Em contraste, conforme o IBGE, a produção de itens importantes da construção naval recuou na comparação entre meses de março e entre primeiros trimestres. Já a fabricação de borracha e produtos plásticos teve produção menor nas três bases de comparação. No trimestre inicial, houve retrocesso de 3,4% com março apresentando recuo de 6,7%. Em doze meses, teve retração de 1,1%.
Baixa intensidade tecnológica
A faixa de baixa intensidade tecnológica, assim como a de alta intensidade, registrou retração nas três bases de comparação. A queda de 1,2% no primeiro trimestre, com uma produção em março 3,9% menor do que a do mesmo mês de 2018. Em doze meses, o segmento teve queda de 2,9%.
O desempenho dessa faixa no primeiro trimestre foi puxado por dois conjuntos de bens: o de produtos madeireiros, seus derivados, papel, celulose e impressos; e o de têxteis, de vestuário, couro e calçados.
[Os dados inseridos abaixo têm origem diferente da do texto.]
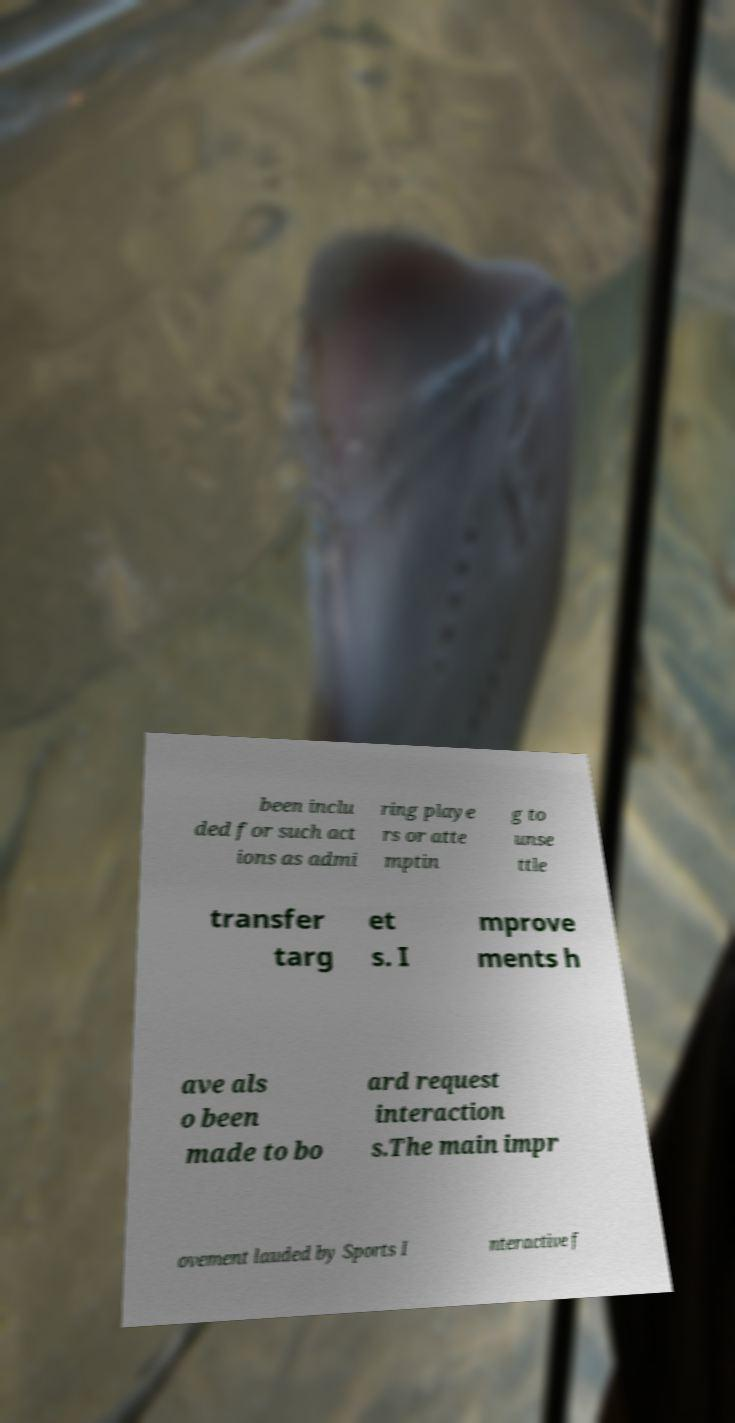Could you extract and type out the text from this image? been inclu ded for such act ions as admi ring playe rs or atte mptin g to unse ttle transfer targ et s. I mprove ments h ave als o been made to bo ard request interaction s.The main impr ovement lauded by Sports I nteractive f 
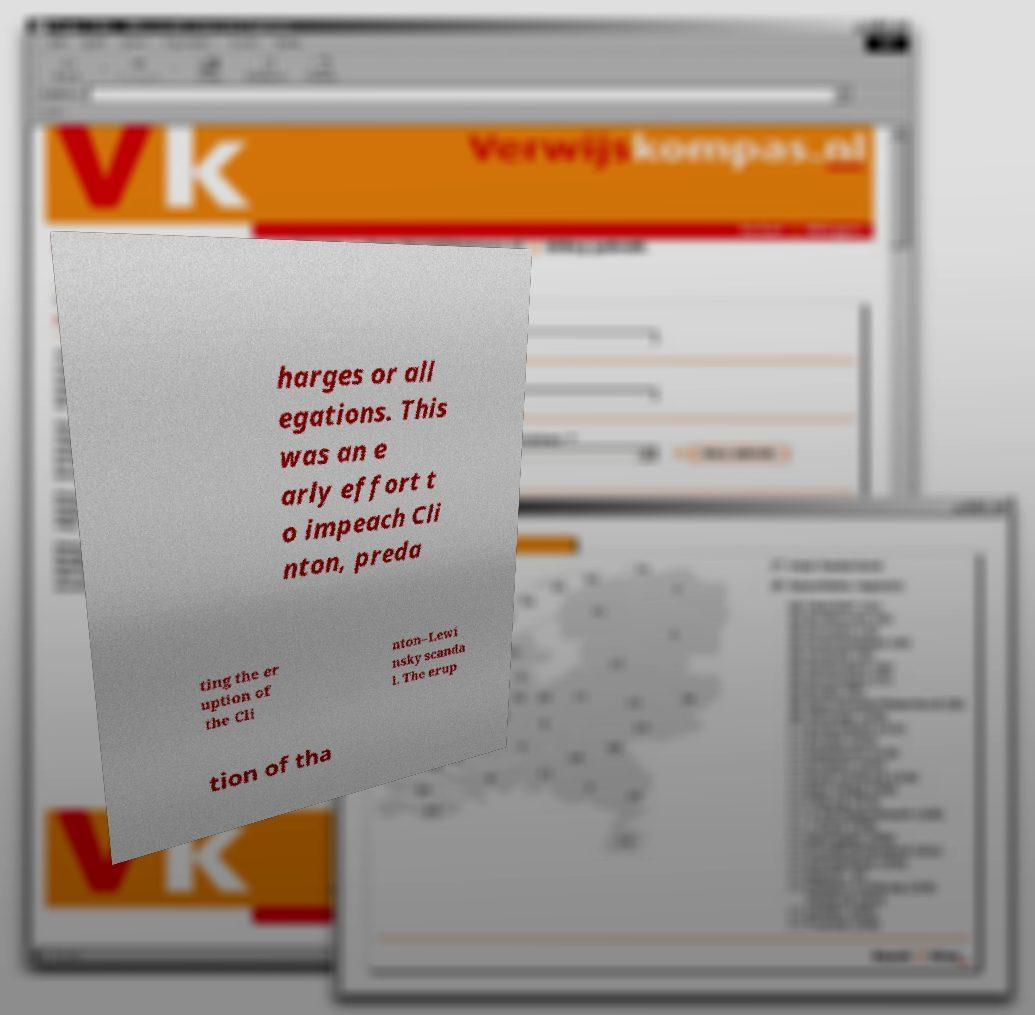Please read and relay the text visible in this image. What does it say? harges or all egations. This was an e arly effort t o impeach Cli nton, preda ting the er uption of the Cli nton–Lewi nsky scanda l. The erup tion of tha

O ramo madeireiro, de papel e celulose retrocedeu 4,7% no primeiro trimestre, tendo um recuo de 7,4% em março. Mesmo assim, ainda registrou taxa positiva de 0,4% em doze meses.
As indústrias têxteis, de vestuário, calçadistas e de couro produziram 3,5% menos trimestre inicial de 2019, sendo que, em março, a diminuição foi de 7,6%. Tais resultados concorreram para a queda de 3,1% em doze meses.
O ramo de maior peso da indústria de transformação, a fabricação d alimentos, bebidas e tabaco, ficou estagnada no contraponto entre primeiros trimestres, mês com queda de 1,5% em março. Embora não tenham sido os piores resultados dentro da faixa, em doze meses, esse ramo experimentou retração mais aguda, de 4,4%.
Em janeiro-março, o único ramo do segmento de baixa intensidade a crescer foi o de produtos manufaturados não especificados noutras atividades e reciclados, taxa de 4,8%, mesmo com recuo de 1,9% em março. Foi o ramo dessa faixa com melhor performance em doze meses, incremento de 1,2%.